Poi succede che, all’estero, viene o percepito o venduto come un "mafia movie", perchè noi la mafia la esportiamo come la moda, è un brand come Valentino, come la Ferrari. Questo contribuisce alla diffusione del film.
Il film è una specie di cavallo di Troia. Perchè è qualcosa che apparentemente sembra un film di genere, in realtà è una riflessione sull’anima di un adolescente. E va bene così».
Perchè hai scelto attori esordienti per i tuoi protagonisti?
C. G.: «Primo perchè non esistono attori professionisti a sedici anni, grazie a Dio! Poi perchè portando ragazzi che vengono da quartieri in cui queste cose accadono, avevamo la possibilità di apportare un maggiore realismo alla storia. Tante sequenze, come il furto dell’albero di Natale, me le hanno fatte vedere loro, è stata una ricerca. Tu raccontavi delle esperienze, delle storie che loro avevano visto in prima persona. Ovviamente sono tutti ragazzi onesti, però con una provenienza di quel tipo. Magari i loro coetanei avevano fatto scelte del genere, e loro ne avevano avuto un’esperienza che non è un’esperienza diretta. Quelli che Maurizio Braucci chiama prossimi e contigui. Quello è il cast. Cioè trovare una misura nella vicinanza. Ovviamente non prendere dei criminali, che sarebbe stato impossibile, forse anche immorale, ma trovare una misura precisa nella vicinanza. Questo l’attore non te lo da».
Nicola, vuole essere portatore di cambiamento ma finisce per abbracciare gli stessi metodi da cui voleva emanciparsi. E dunque più vittima o carnefice ai tuoi occhi?
C. G.: «Entrambe le cose. Questi ragazzi desiderano le stesse cose che desiderano i loro coetanei, i coetanei borghesi. Nella società dei consumi tu desideri degli oggetti che sono costosi, desideri un’apparenza. Sono cose che riguardano il nostro presente. Lì, però, l’unico mezzo che i ragazzi hanno per ottenere ciò che desiderano è attraverso la criminalità, attraverso la pistola. La metafora di Saviano è la pistola come lampada di Aladino. Il mio protagonista è un idealista, è uno che vuole portare il bene nel quartiere, solo che non ha gli strumenti per capire il sistema. Si chiama proprio sistema quello della criminalità, e quindi le sue azioni sono circoscritte all’interno di un sistema. Un sistema da cui non c’è via d’uscita. In un luogo diverso probabilmente Nicola avrebbe fatto del bene. In quel contesto la sua scelta è l’unica possibilità di crescita».

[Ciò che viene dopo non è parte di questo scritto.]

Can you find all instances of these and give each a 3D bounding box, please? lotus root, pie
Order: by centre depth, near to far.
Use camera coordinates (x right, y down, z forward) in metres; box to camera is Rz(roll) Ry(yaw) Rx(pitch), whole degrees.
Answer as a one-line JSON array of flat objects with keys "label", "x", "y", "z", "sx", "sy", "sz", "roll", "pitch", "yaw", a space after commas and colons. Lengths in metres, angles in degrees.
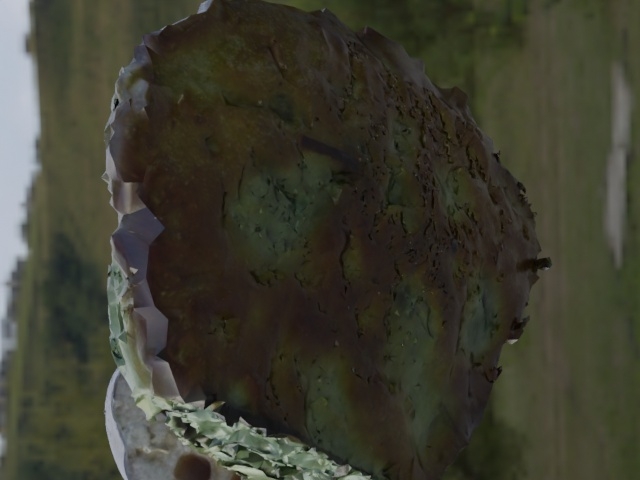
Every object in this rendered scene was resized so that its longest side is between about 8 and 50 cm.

Questo è il tuo terzo film legato all’adolescenza, al genere coming of age, che cosa ti spinge a raccontare queste storie? Senti una affinità particolare verso questi personaggi?
C. G.: «Intanto spero di fermarmi! Spero di non farne un quarto. Quando ho fatto il secondo dicevo, ora basta. Invece no, ne ho fatto un’altro, non si sa mai. Comunque sono delle storie in cui racconti dei ragazzi che devono fare una scelta e capire cosa è il bene e cosa è il male. È una cosa che gli adulti, si presuppone, abbiano già fatto. La seconda cosa è che racconti un’età della vita in cui i sentimenti vengono vissuti in maniera assoluta, l’amore e l’amicizia sono qualcosa per cui si vive o si muore. Questo rende il tutto estremamente cinematografico, ma anche reale. Il motivo principale, poi, è il discorso morale. Hai sempre a che fare con l’innocenza, anche quando racconti delle scene criminali, anche quando metti in mano le armi, anche quando fai vedere dei reati. Questi reati, che per la legge sono reati (ma io non faccio il giudice), hanno qualcosa a che fare con il gioco e con l’incoscienza. Questo sentimento te lo dà solo quell’età. Se tu fai vedere dei quarantenni che giocano con le armi è la realtà. Se fai vedere dei ragazzini che giocano con le armi riconosci una poesia, una dolcezza, che è tragica».